To answer that question, we have to understand the functions of a language. For most people, a language is solely for communication. If you can talk in Chinese and write simple sentences — nowadays increasingly in text messages — that's probably enough. For a select few, however, language is more than a tool of communication; it is a form of art through which one can express exquisite emotions, artistic aspirations and philosophical thoughts. Even for this group there are multiple layers of sophistication. One may lament the loss of handwriting, another will go one step further and say that not only are the strokes of characters essential but traditional brush calligraphy should be part of a Chinese person's education.

The irony is, the higher you raise the bar, the lower the rate of literacy will be. Say, if we define literacy as five different styles of calligraphy with a vocabulary of 10,000 characters, the rate will be abysmally low. That is the rationale behind the initiatives since the May 4th Movement to push for the simplification of Chinese characters as well as Romanization efforts such as pinyin. When we compare a set of traditional Chinese characters, used in Hong Kong and Taiwan, with the simplified ones, of course the older style is more elegant and richer in connotation, but it is so much harder to learn well that fewer people will be able to use the language, at least in writing.
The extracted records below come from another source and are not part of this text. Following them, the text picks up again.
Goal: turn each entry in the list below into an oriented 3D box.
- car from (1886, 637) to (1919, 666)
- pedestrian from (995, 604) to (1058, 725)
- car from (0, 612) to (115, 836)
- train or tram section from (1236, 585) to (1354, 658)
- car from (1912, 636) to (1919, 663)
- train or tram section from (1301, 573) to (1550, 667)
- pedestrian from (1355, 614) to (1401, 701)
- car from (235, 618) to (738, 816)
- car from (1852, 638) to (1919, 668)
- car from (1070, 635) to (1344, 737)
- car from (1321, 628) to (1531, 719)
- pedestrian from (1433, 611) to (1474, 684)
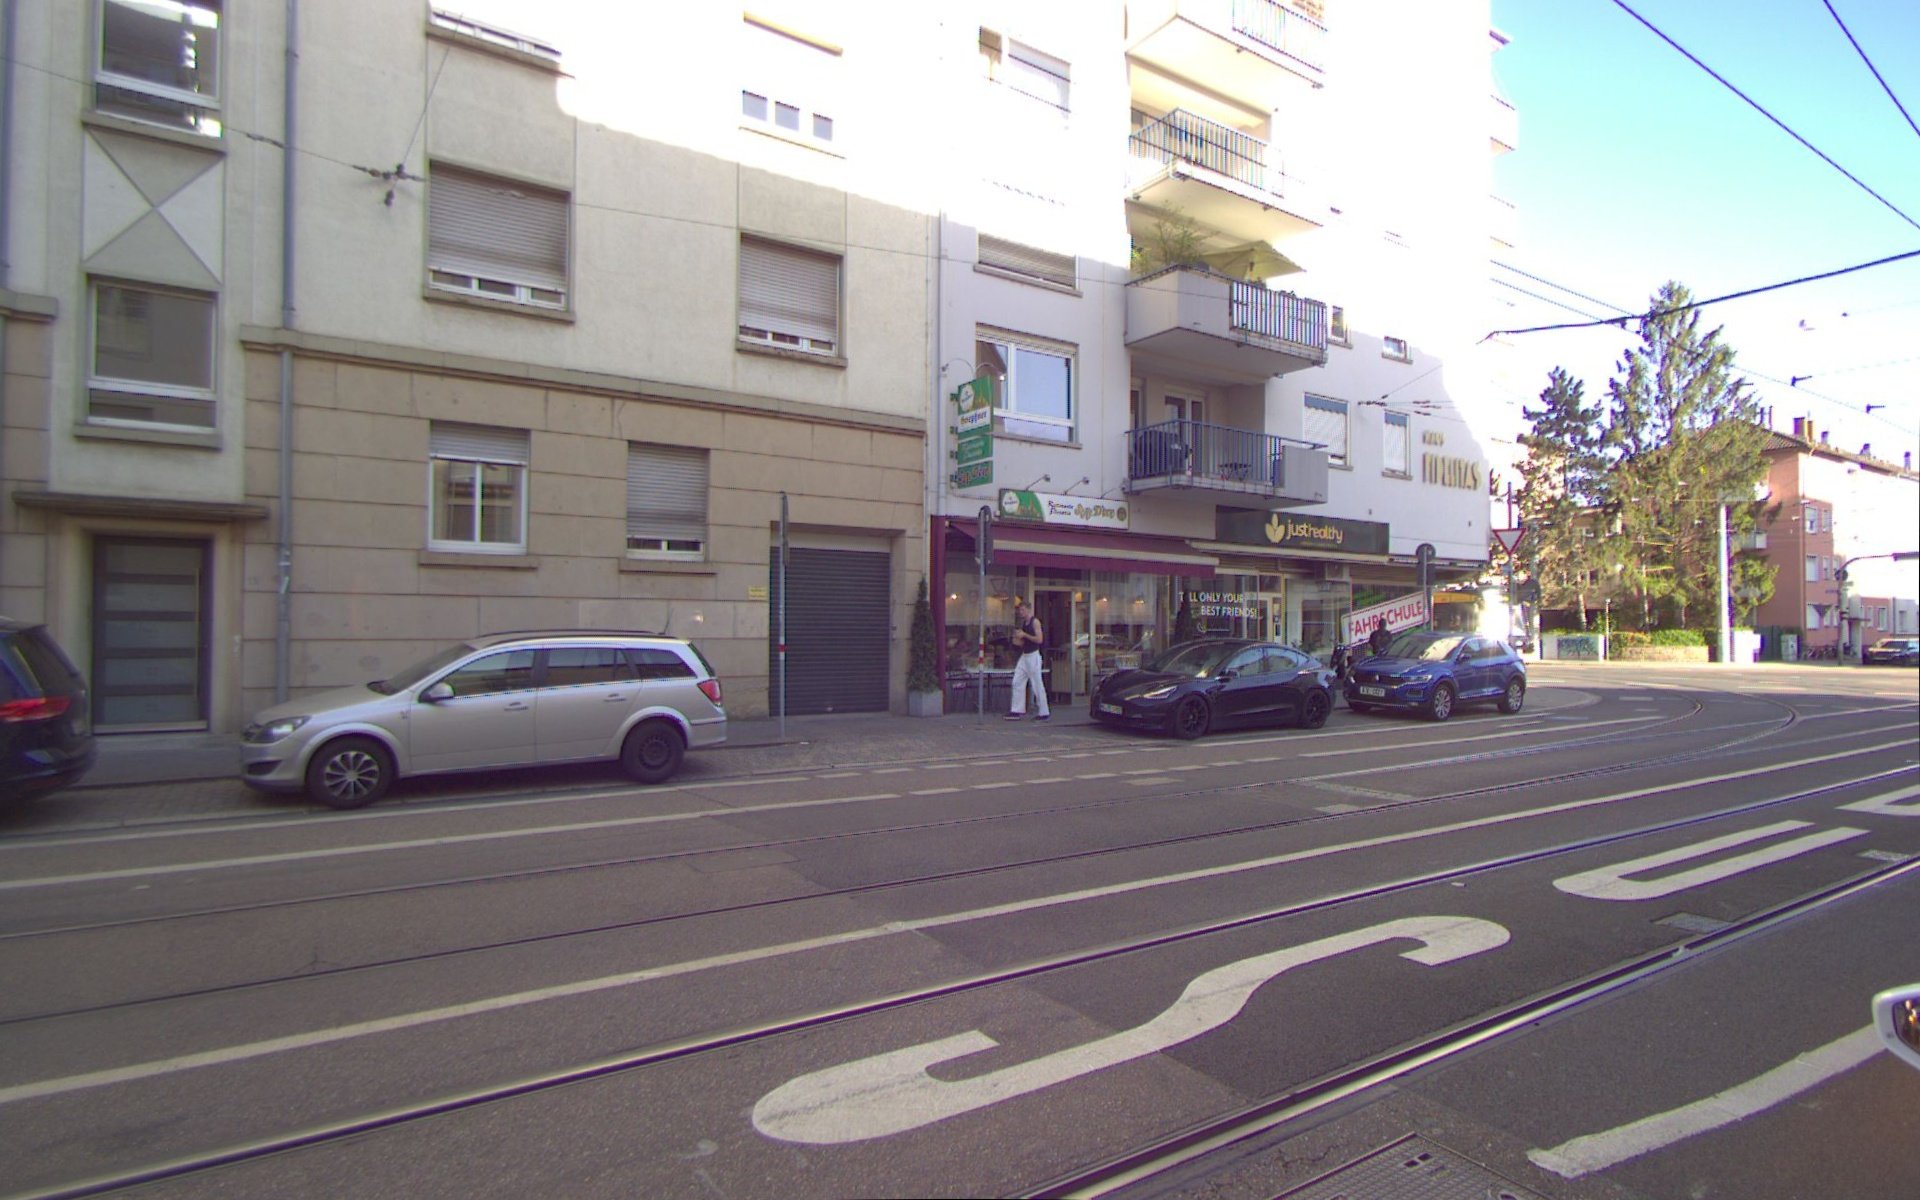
[{"bbox_3d":[54.309,2.913,56.740,4.250,1.518,1.806,2,0,-30],"label":"car"},{"bbox_3d":[1.045,0.999,15.809,0.725,1.857,0.595,2,0,-30],"label":"pedestrian"},{"bbox_3d":[-9.018,0.888,7.247,4.249,1.606,1.893,2,0,-35],"label":"car"},{"bbox_3d":[18.499,1.097,56.180,2.781,3.679,9.077,1,0,-5],"label":"train or tram section"},{"bbox_3d":[58.064,2.950,59.245,4.103,1.531,1.778,2,0,-31],"label":"car"},{"bbox_3d":[20.389,0.964,45.537,3.020,3.641,12.596,1,-2,-14],"label":"train or tram section"},{"bbox_3d":[9.062,1.237,21.790,0.691,1.829,0.568,2,0,-30],"label":"pedestrian"},{"bbox_3d":[-4.706,1.038,10.316,4.319,1.580,1.981,2,0,-34],"label":"car"},{"bbox_3d":[49.611,2.827,53.687,3.949,1.440,1.784,2,0,-31],"label":"car"},{"bbox_3d":[4.019,1.274,16.064,4.382,1.405,1.810,1,-2,-34],"label":"car"},{"bbox_3d":[8.926,1.322,19.176,4.030,1.552,1.858,1,-2,-34],"label":"car"},{"bbox_3d":[14.081,1.352,28.671,0.688,2.040,0.764,2,0,-35],"label":"pedestrian"}]

I still remember the shock I had when meeting old people in rural areas who could not write their own names. For them, an education is tantamount to the ability to read a small number of characters. I doubt today's young will suffer the burden of this kind of illiteracy. With the ubiquitous gadget, it is almost impossible to be denied the basic skill of reading and writing, ahem inputting.

But for kids who aspire for more, the option of mastering the refined parts of the language, just like learning the classics or playing the piano, should always be available and encouraged.